Supplied entries:
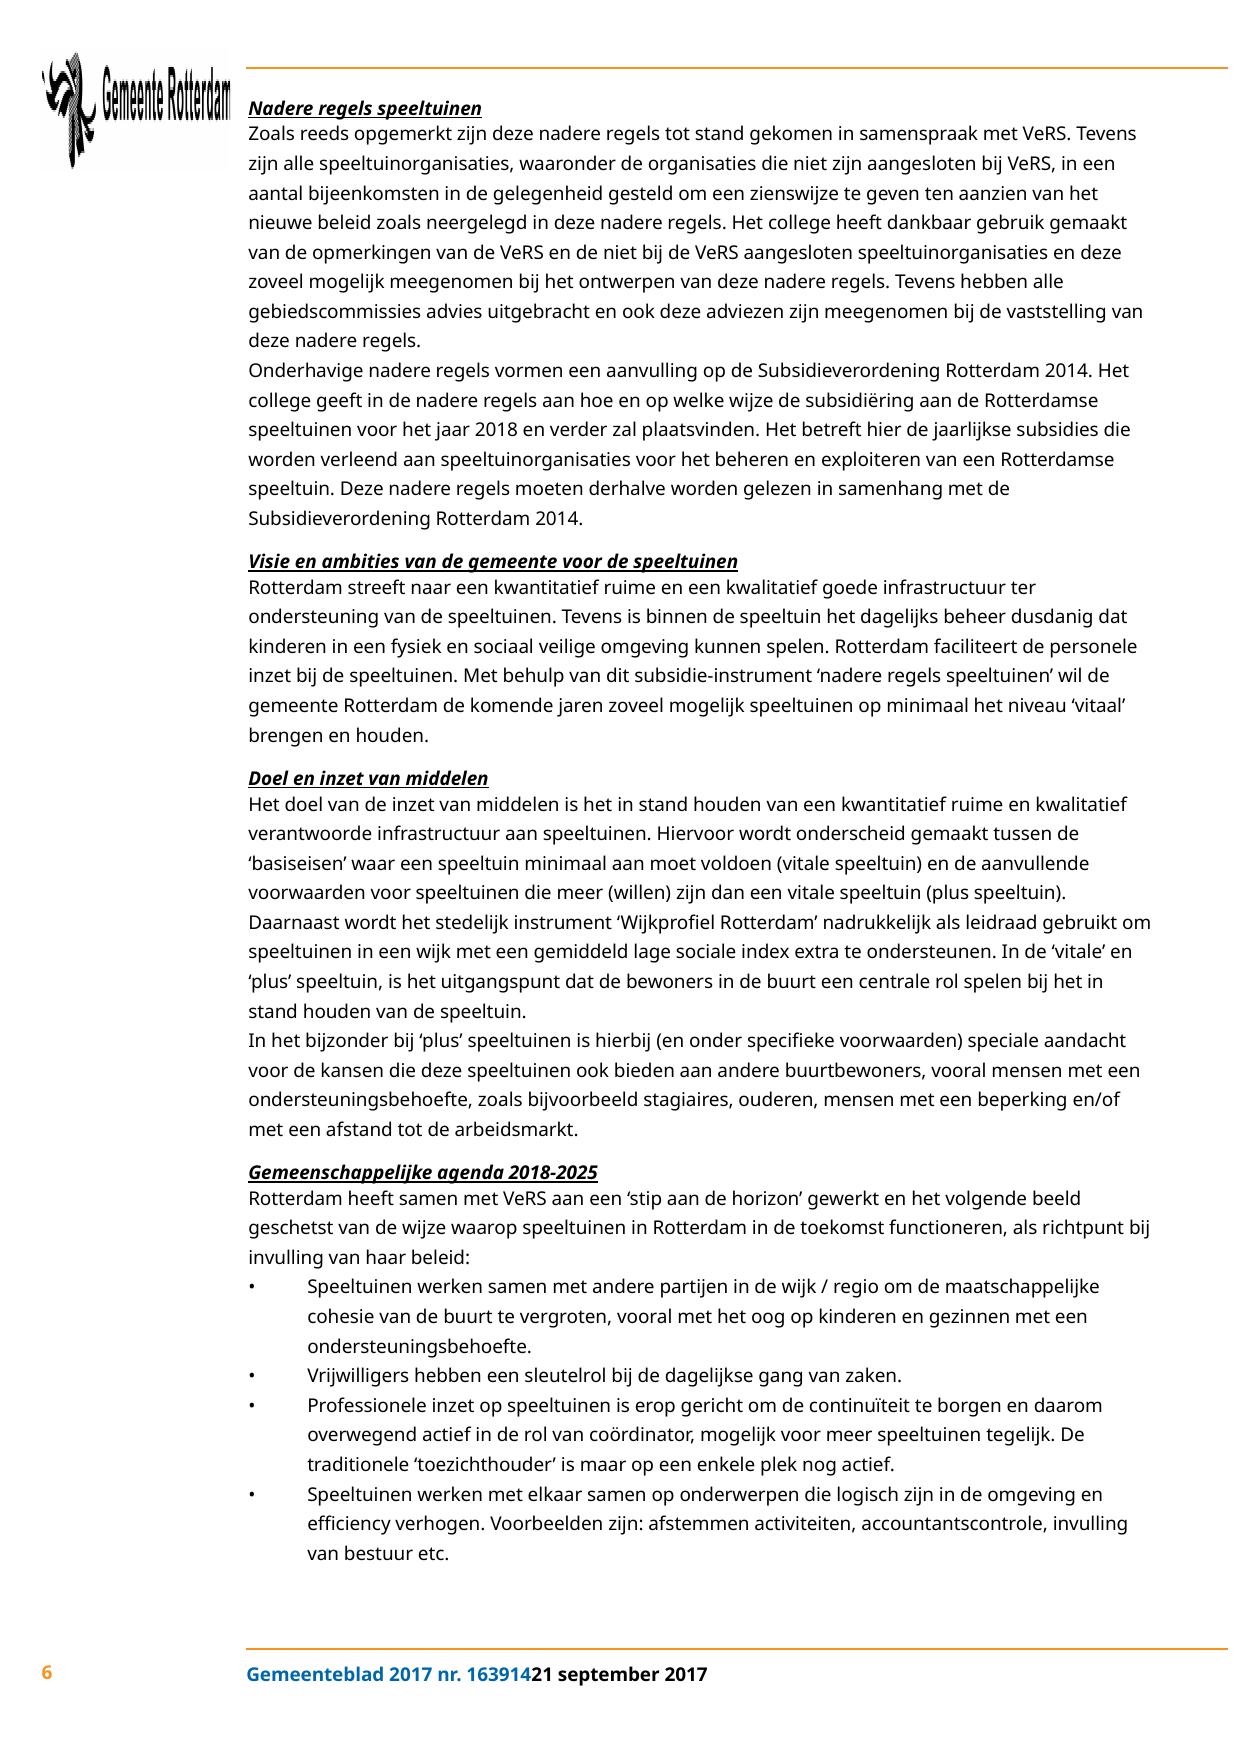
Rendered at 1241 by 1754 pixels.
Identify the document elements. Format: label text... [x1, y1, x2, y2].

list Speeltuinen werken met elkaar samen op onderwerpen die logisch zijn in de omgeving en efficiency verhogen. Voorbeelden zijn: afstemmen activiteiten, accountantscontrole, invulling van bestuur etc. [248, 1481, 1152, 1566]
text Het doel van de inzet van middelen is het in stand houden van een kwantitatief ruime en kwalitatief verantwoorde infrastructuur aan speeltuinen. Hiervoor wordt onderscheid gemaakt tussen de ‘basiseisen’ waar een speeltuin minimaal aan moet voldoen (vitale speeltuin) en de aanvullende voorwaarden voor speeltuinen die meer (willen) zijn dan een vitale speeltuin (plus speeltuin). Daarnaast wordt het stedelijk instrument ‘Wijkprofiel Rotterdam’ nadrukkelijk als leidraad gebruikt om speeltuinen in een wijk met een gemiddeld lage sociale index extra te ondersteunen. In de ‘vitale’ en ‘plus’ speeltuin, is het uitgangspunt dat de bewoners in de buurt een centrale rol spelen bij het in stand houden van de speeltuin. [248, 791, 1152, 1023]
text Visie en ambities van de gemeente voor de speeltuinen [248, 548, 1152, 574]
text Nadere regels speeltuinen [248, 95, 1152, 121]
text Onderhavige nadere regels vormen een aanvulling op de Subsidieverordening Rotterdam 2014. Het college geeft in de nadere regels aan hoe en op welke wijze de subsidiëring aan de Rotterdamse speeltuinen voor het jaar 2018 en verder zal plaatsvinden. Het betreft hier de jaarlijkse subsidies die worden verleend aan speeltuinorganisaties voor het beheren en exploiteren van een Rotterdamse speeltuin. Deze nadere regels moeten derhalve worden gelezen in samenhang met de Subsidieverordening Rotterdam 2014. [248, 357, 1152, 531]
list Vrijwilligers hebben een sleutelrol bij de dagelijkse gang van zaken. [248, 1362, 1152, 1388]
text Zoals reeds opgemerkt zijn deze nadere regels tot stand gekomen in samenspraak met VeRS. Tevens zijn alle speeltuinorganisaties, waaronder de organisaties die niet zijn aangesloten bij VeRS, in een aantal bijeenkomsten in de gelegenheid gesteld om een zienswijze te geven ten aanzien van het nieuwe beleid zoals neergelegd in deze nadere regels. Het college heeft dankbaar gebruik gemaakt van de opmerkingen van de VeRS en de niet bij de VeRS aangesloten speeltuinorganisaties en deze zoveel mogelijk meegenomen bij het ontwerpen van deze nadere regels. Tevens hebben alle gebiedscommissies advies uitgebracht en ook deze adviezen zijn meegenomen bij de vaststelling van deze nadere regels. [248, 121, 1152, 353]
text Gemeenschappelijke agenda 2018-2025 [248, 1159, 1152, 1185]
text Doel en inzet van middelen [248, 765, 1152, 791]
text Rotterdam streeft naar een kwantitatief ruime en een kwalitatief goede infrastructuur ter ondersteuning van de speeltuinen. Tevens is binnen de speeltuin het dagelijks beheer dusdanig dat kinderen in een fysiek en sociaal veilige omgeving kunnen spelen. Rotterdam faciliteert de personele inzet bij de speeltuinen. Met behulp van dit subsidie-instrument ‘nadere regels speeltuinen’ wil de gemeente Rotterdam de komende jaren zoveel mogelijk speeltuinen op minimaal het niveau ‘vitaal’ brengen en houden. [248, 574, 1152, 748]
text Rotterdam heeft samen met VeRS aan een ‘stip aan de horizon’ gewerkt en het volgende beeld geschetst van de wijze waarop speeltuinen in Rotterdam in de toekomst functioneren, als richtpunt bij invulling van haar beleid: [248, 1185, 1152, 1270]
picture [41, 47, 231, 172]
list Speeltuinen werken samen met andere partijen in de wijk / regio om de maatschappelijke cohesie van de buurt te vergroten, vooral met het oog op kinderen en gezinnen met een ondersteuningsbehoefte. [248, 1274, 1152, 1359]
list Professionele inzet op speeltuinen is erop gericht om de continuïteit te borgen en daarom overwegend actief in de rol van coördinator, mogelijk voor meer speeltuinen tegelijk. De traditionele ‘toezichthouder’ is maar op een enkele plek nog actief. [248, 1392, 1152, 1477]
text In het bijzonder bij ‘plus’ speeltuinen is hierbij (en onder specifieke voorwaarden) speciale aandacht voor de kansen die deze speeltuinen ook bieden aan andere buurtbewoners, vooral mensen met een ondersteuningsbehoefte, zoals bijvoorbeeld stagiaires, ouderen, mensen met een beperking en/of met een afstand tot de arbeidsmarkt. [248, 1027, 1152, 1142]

Assignment: Exact copy, pictures excluded: repeat the lines from the top of the material through the line with "list Speeltuinen werken met".

Reply to the exercise:
Rendered at 1241 by 1754 pixels.
Identify the document elements. Format: label text... [x1, y1, x2, y2].

list Speeltuinen werken met elkaar samen op onderwerpen die logisch zijn in de omgeving en efficiency verhogen. Voorbeelden zijn: afstemmen activiteiten, accountantscontrole, invulling van bestuur etc. [248, 1481, 1152, 1566]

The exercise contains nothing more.